Stored dataset items:
+ + +

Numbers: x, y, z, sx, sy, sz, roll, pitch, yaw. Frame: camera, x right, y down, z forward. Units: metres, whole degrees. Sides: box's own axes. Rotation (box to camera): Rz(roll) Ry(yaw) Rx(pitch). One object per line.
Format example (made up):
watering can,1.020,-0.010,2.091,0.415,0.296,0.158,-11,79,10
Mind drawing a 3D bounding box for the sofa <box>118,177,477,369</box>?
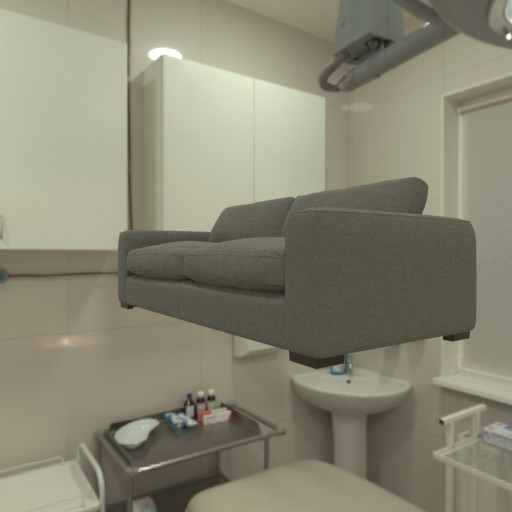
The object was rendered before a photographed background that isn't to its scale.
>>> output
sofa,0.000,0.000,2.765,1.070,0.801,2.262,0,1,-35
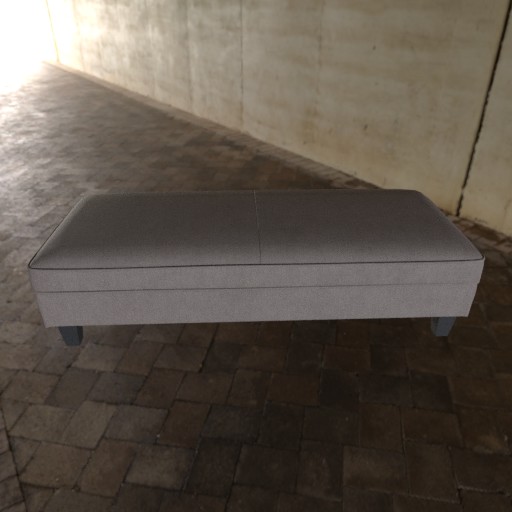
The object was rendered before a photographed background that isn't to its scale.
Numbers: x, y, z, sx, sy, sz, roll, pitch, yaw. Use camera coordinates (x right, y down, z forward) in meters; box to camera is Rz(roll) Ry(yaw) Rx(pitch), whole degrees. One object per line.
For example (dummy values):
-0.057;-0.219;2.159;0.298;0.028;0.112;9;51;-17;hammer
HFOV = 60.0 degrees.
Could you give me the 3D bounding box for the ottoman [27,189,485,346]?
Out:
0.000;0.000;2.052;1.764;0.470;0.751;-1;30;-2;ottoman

+ + +

» **What needs to be done**: Which lines in the entries above contain "example"? Pull each of them out.

» **Response to the task**:
Format example (made up):
For example (dummy values):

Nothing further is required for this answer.